The Braves tendered Duvall a contract in December 2021. His salary for the 2022 season was decided by the arbitration process. He asked for $10.275 million, but received the team's submitted offer $9.275 million when the arbitrator ruled in the Braves' favor. While pursuing a foul ball during a game against the Los Angeles Angels on July 23, Duvall tore the tendon sheath in his left wrist. The injury required surgery, which ended his season.

===Boston Red Sox (2023)===
On January 24, 2023, Duvall signed a one-year contract with the Boston Red Sox, reportedly worth $7 million with an additional $3 million possible via potential bonuses. Duvall got off to a hot start in 2023, hitting three home runs (including a walk-off) and driving in 12 runs over his first seven games with the club, the latter of which was a Red Sox record. He was recognized as AL Player of the Week for the first week of the season. However, this success was short lived, as he was placed on the injured list on April 10 due to a distal radius fracture of his left wrist suffered while trying to make a catch in the prior day's game. On May 6, he was transferred to the 60-day injured list. He returned to the team on June 9. For the week of August 21–27, Duvall was again recognized as AL Player of the Week, having hit 14-for-29 with five home runs and 12 RBIs. He became a free agent following the season.

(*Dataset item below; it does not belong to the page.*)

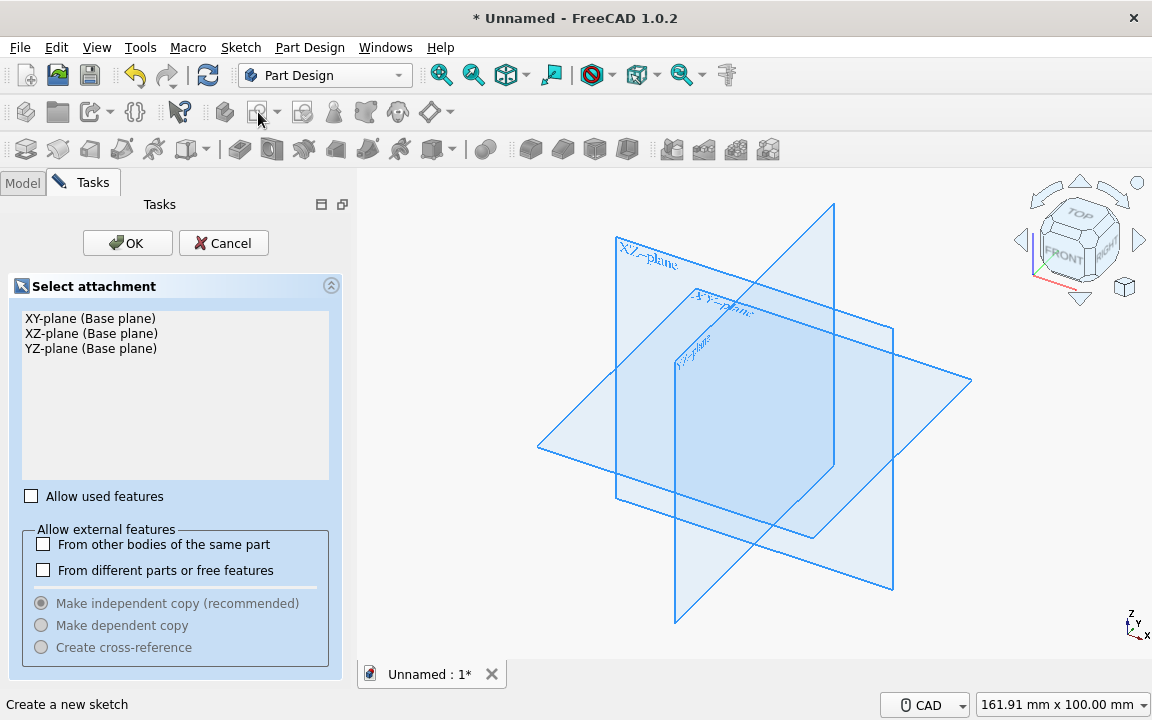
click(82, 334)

===Third stint with Atlanta Braves (2024)===
On March 14, 2024, Duvall signed a one-year, $3 million contract with the Atlanta Braves.

==Personal life==
Duvall was diagnosed with type 1 diabetes in 2012.
He married his wife, Michelle in 2017. They have two sons. They reside in both Nashville and Pinecrest, Florida. On June 20, 2023, he teamed up with Eli Lilly and Company and the American Diabetes Association to launch a nationwide campaign, "Tap the Cap" to increase awareness of insulin affordability solutions for all people living with diabetes. Duvall has been an advocate for the importance of diabetes education.